Second Opinion: The party of the anti-Charter

In his speech at the Liberal leadership convention last November, Paul Martin noted with pride his party’s historic support for the Charter of Rights and Freedoms, with special reference to the adoption of same-sex marriage.

The denial of basic rights to individuals and to minorities, he observed, affects all Canadians.
Noting the recent cancellation of the Court Challenges Program, he gave this assurance, “We are the party of the Charter and under a Liberal government your rights will never depend upon the state of your pocketbook.”

Stephane Dion, the new Liberal leader, prior to the Commons vote on the same sex marriage issue in December, stated “you don’t pick and choose rights.”

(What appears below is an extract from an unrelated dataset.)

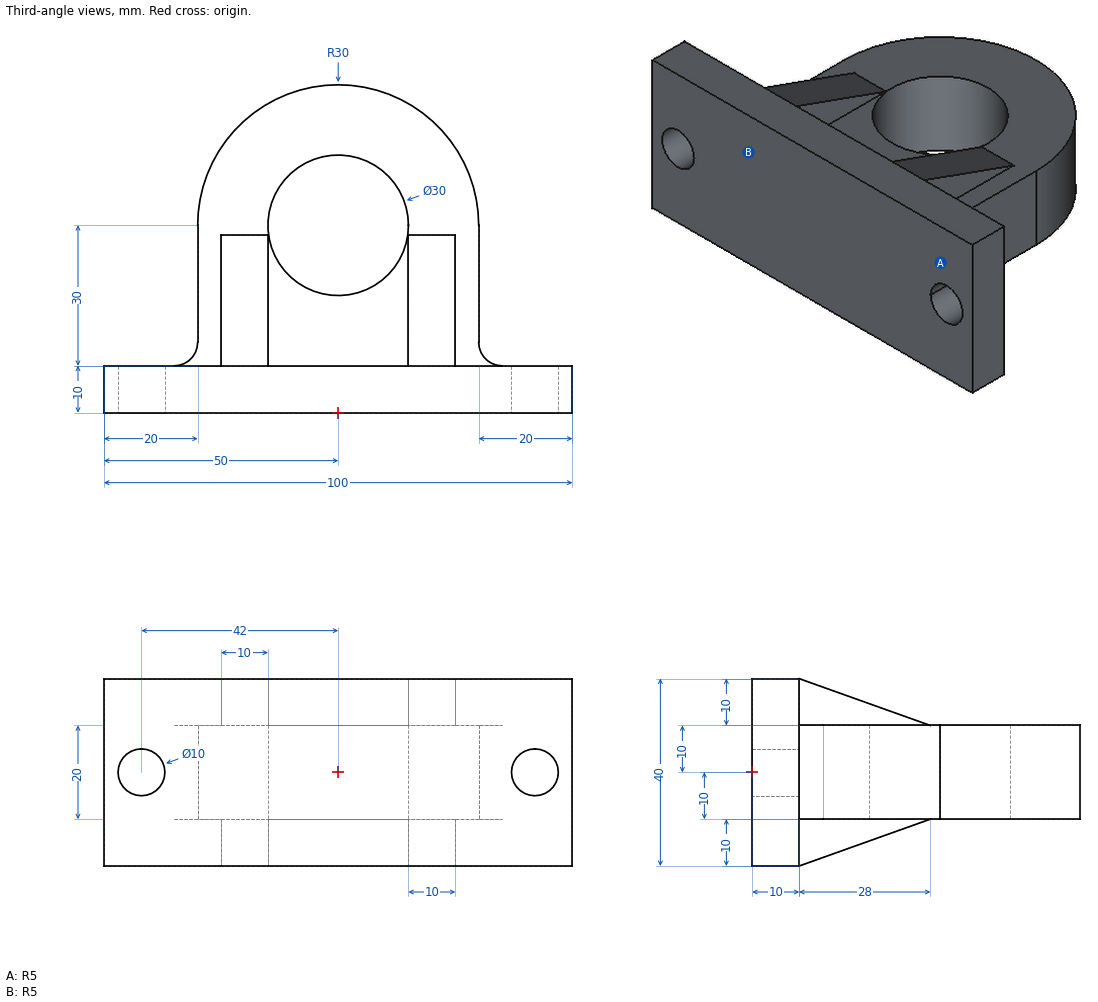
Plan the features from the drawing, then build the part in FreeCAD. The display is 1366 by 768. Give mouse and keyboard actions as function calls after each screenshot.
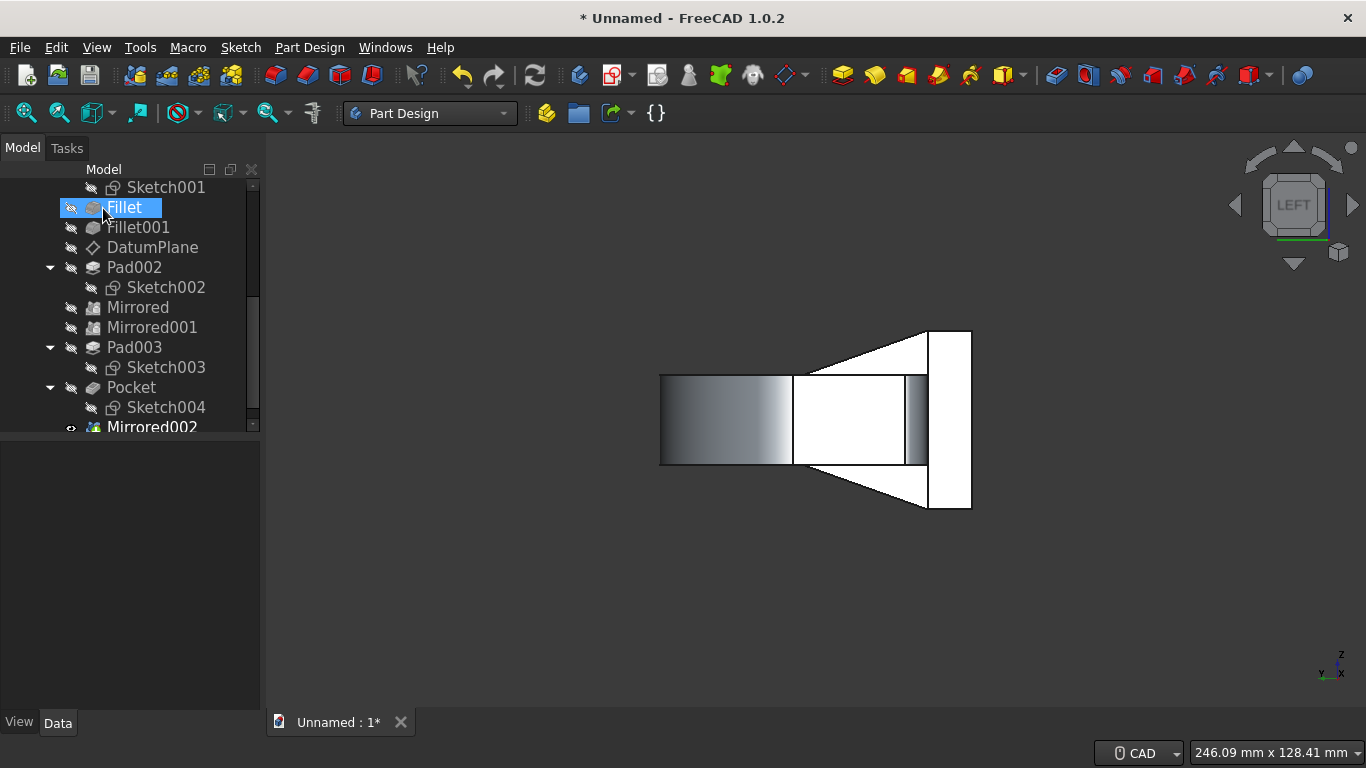
key(0)

If the Liberal Party is “the party of the Charter,” how would one describe the Conservative Party?
The Conservative government does not attack the instrument directly, through the override clause or constitutional amendment. It purports to advocate the social status quo absent legislative change; it repudiates “judicial activism.”

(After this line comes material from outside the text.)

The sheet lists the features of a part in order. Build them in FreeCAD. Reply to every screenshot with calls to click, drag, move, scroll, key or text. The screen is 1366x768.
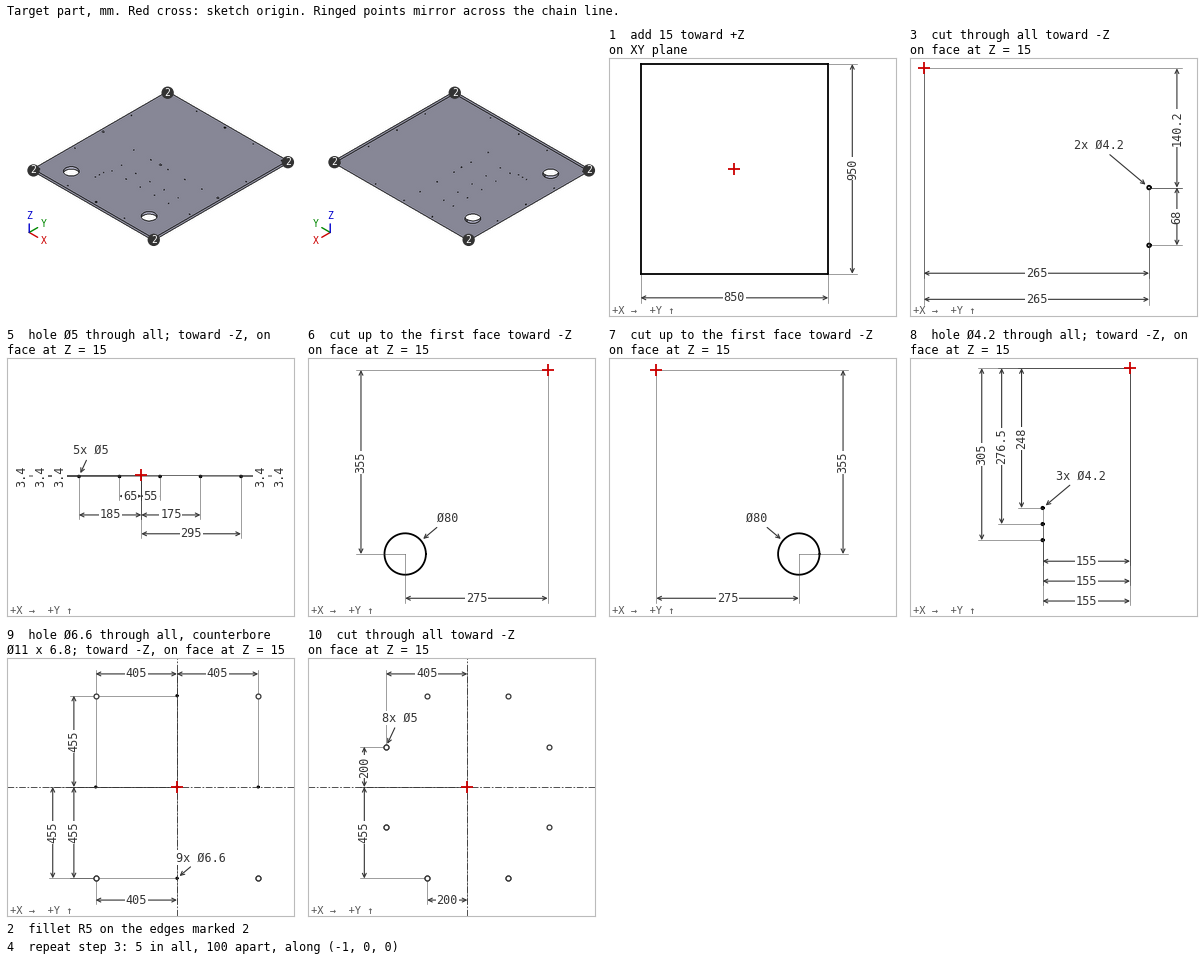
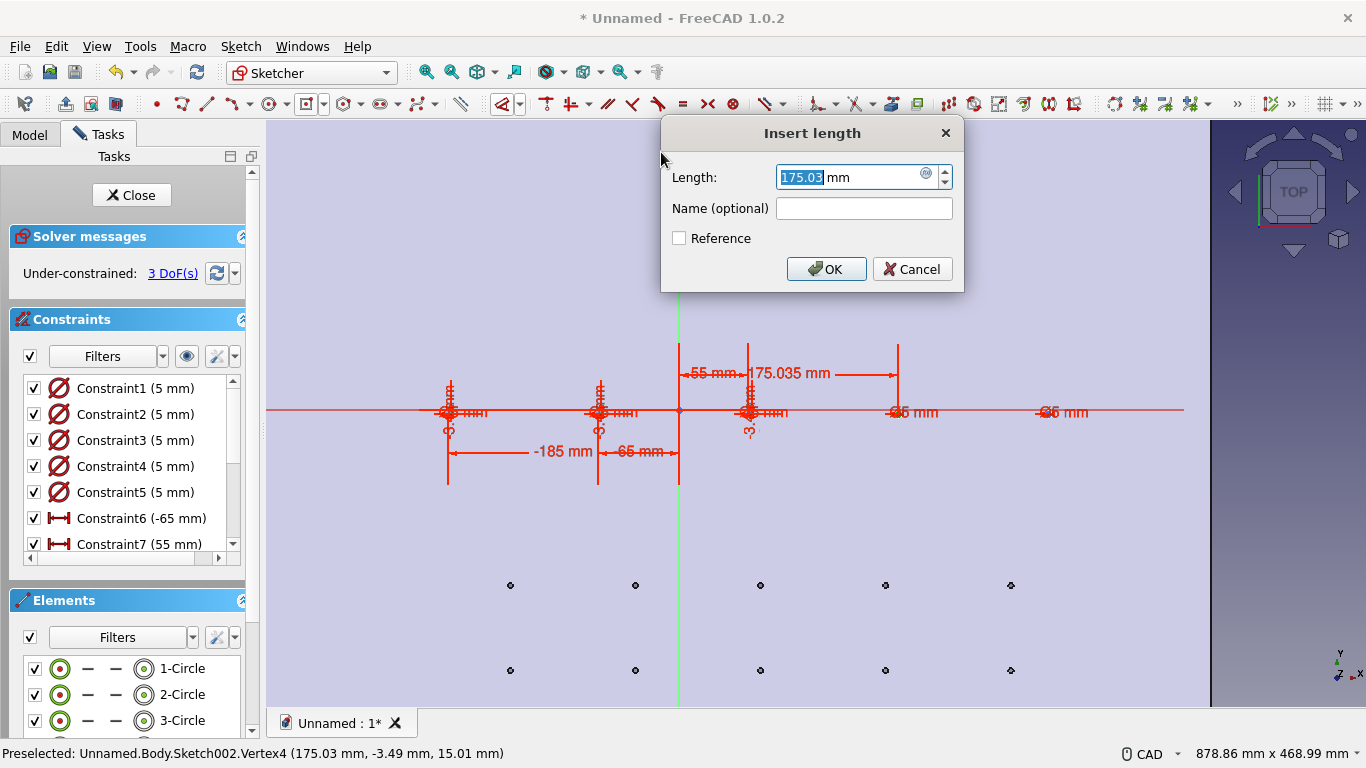
text(175)
key(Return)

The government’s approach to the Charter is nonetheless aggressive. It has terminated or eviscerated longstanding programs and policies necessary to effectuate the Charter’s transformative purposes.

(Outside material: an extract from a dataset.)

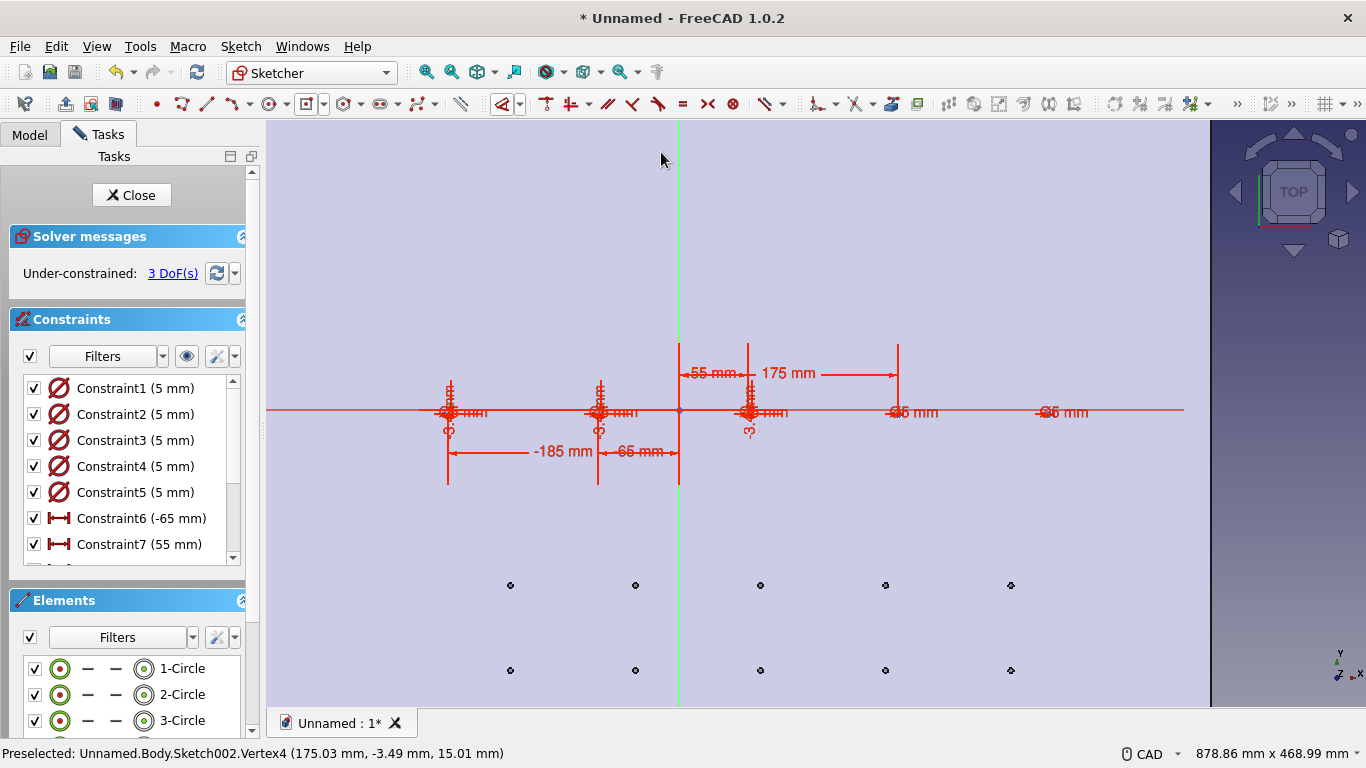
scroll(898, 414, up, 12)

The government underplays this agenda through the strict communication codes on “social issues” that applied during the recent election and continue in application to by-elections, members of parliament, and even to cabinet ministers. This cone of silence leaves the government’s actions to speak for themselves.

The cancellation of the Court Challenges Program is a case in point. This long-standing, low cost program supported Charter litigation by funding test case development and public interest interventions. In the future, public funds will support only the Ministry of Justice’s opposition to Charter rights claims.

Status of Women Canada survives, but with much reduced funding. It has lost two crucial mandates: full political participation by women in Canadian society and the realization of equality. The new rules cut off funding for advocacy, lobbying, and general research in favour of “project” funding.

The government thus set aside three decades of support for the full integration of women into all facets of Canadian society. This funding enabled public interest groups to build expertise, organization skills, infrastructure, and a knowledge base that facilitated the Charter’s adoption and ensured inclusion of its strong affirmation of women’s equality.

More recently, this funding ensured that women’s voices were heard in the public debate on the establishment of sharia “courts” for matrimonial dispute resolution under Ontario’s arbitration statute. These voices illuminated the procedural, institutional, and substantive implications of the proposal for those whose lives would be adversely affected.

The Ontario government heard these voices: it did not merely repudiate the proposal; it also formulated structural changes to the resolution of family disputes to protect the interests of women and children.
The federal government has also shut down the Law Commission, which produced historical, comparative, doctrinal, and theoretical research and analysis to respond to societal change and animate constitutional principles.

The government has taken down the web site created by the previous government to mark the 20th anniversary of the coming into force of the Charter’s equality clause. The Department of Justice has refused requests to permit the University of Toronto’s Faculty of Law to make it available to students and the general public.

Connect the dots. The government’s aim is to reduce the number of constitutional challenges, abandon pro-active law reform in areas of Charter-infused public policy, and withdraw resources that build legal and political expertise and knowledge-bases on constitutional issues. It has manifested disdain for expert and multi-faceted deliberation on public policy.

These initiatives will transform our constitutional culture in the short term. For the long term, the government has another initiative in mind: changes to the mode of appointment of judges designed to undermine protection of Charter guarantees.

These many changes were taken with no public debate, no engagement with the constituencies affected, and no intelligible explanations or justifications by the ministers responsible. Widespread objection from leading experts and respected public bodies does not faze this government.

The Conservative Party is fast becoming the “anti-Charter party.” The Liberals invoke their commitment to the Charter with pride and have a long (if imperfect) history of supporting the Charter’s adoption and implementation as supreme law. Prime Minister Stephen Harper, in contrast, would repudiate the Charter’s transformative purposes under the cover of “executive activism”.

Harper’s disdain for the Charter has weakened our electoral and parliamentary processes. In addition, he has undermined the institutional strengths and established roles of our public institutions.

As long as constitutional questions remain the mainstay of national party politics, our political system will fail to reflect the public interest and to attend to the pressing issues of our day.

Lorraine E. Weinrib is a professor at the Faculty of Law, University of Toronto.